As análises do episódio dos monges barbudos de Soledade e Sobradinho, conforme apontado no Capítulo 2 desta tese, também foram influenciadas por essa matriz do pensamento conservador brasileiro, que sequer cogita aceitar a autoria e o protagonismo das classes subalternas. Assim, em diversos estudos sobre esses movimentos, existiram esforços para identificar os “profetas” populares ou os personagens místicos, vistos como lideranças externas a influenciar a tomada de posição dos oprimidos, enquanto que as situações conflitivas locais, imediatas ou de maior duração, acabaram não tendo a profundidade que seria necessária para um entendimento mais abrangente.
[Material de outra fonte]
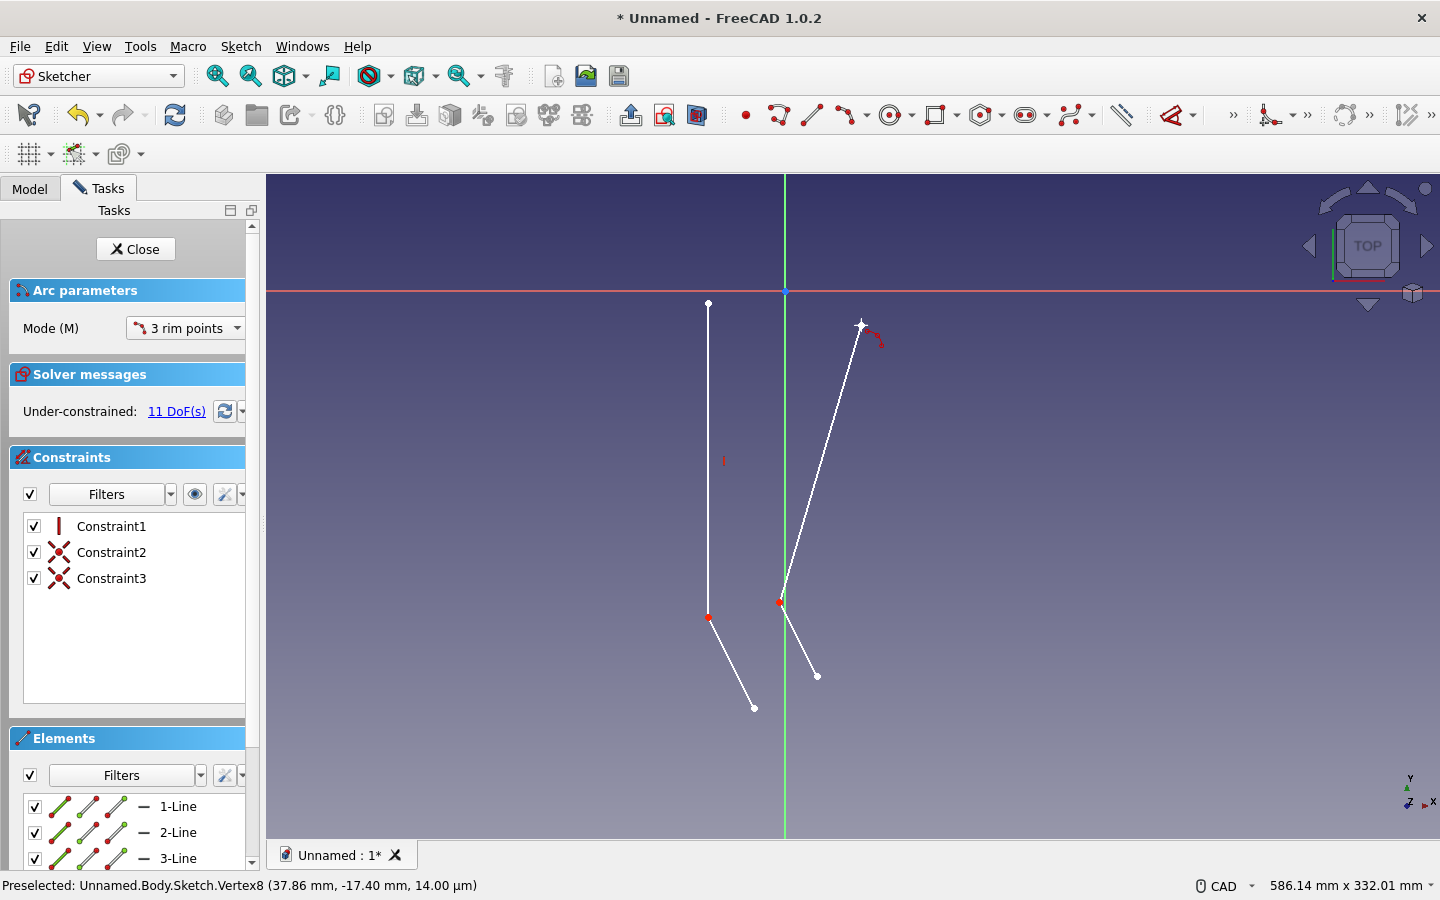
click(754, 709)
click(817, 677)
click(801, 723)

Não resta dúvida de que o enfrentamento coletivo popular às violências e às relações de poder, através de movimentos religiosos, é instigante e recorrente no Brasil. Dessa forma, é necessária a construção de instrumental teórico específico para a análise dessas mobilizações sociais, que supere o modelo de messianismo e que consiga apontar os protagonismos e as

peculiaridades dessas articulações sociais religiosas. Essa já é uma tendência na sociologia brasileira.100 Para além da resistência coletiva, esses movimentos sociais de caráter religioso implicam ainda na adesão individual e em sistemas hierárquicos de pouca amplitude. Um olhar de gênero e etário pode ser incorporado às análises.
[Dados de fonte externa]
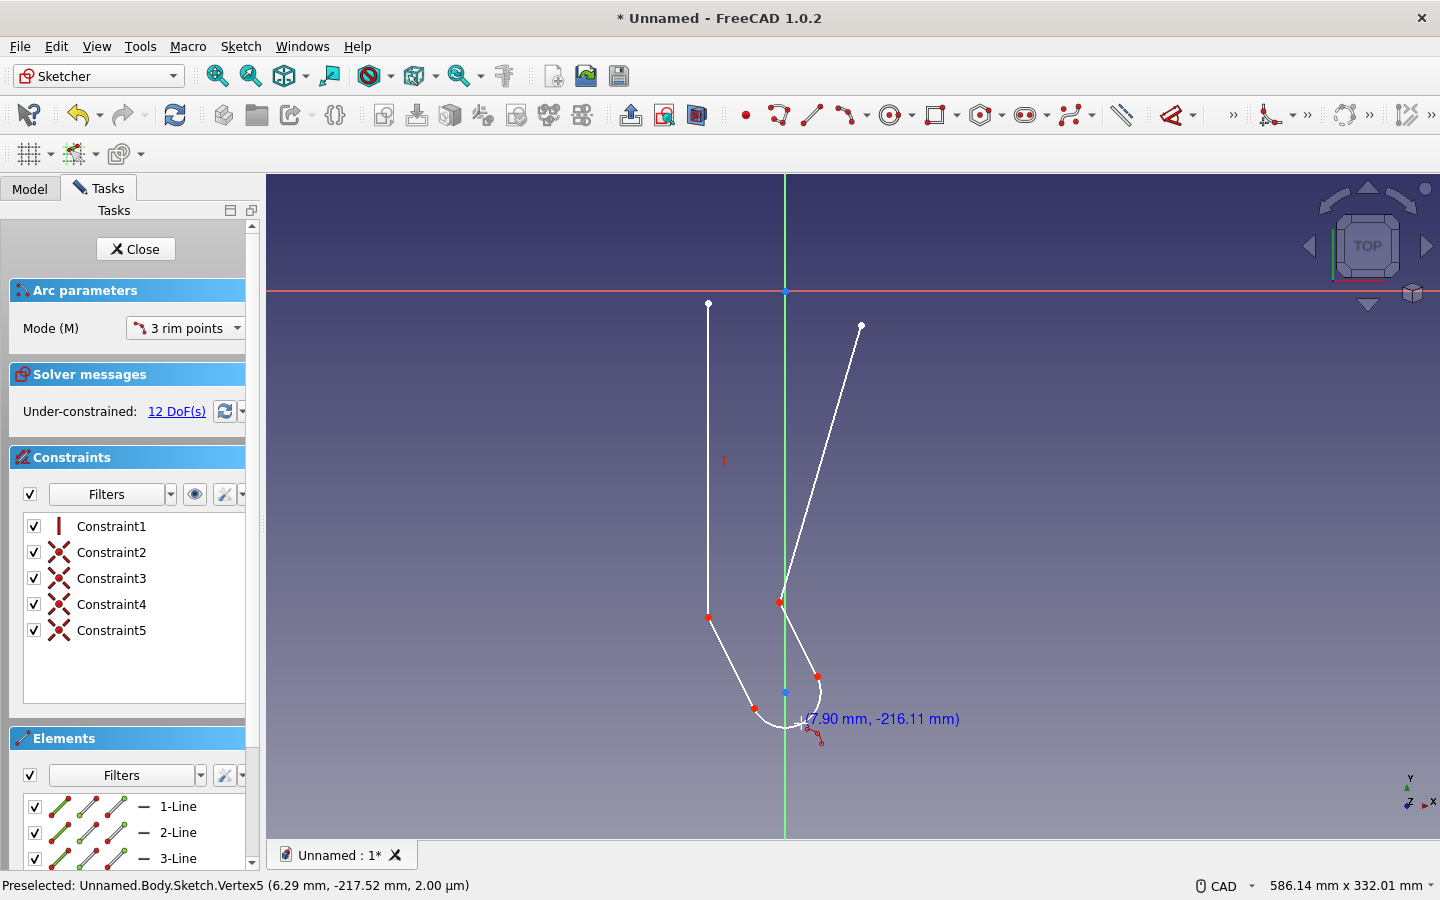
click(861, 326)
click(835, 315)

Por fim, é preciso que se examine o contraste desses arranjos de solidariedade social e religiosa com outras matrizes do pensamento racional, cientificista e da ética competitiva capitalista. A negativa reiterada do estado brasileiro em reconhecer o direito a um modo de vida autônomo tem sido constantemente imposta contra anseios de setores populares, que persistem na alternativa de construção de vínculos e redes de sobrevivência. A resistência mestiça dos subalternos deparou-se, nos anos 1930, com um texto legal que justificativa a intervenção estatal repressora, a Constituição de 1891. Mesmo com a modificação e a atualização dos instrumentos do direito ao longo da história brasileira, o „espírito‟ inquisitorial101 permaneceu na prática de opressão das demandas populares. Em vários casos, é o poder judiciário que estabelece o enquadramento da legítima contestação social como rebeldia política ou religiosa e, portanto, na perspectiva criminal.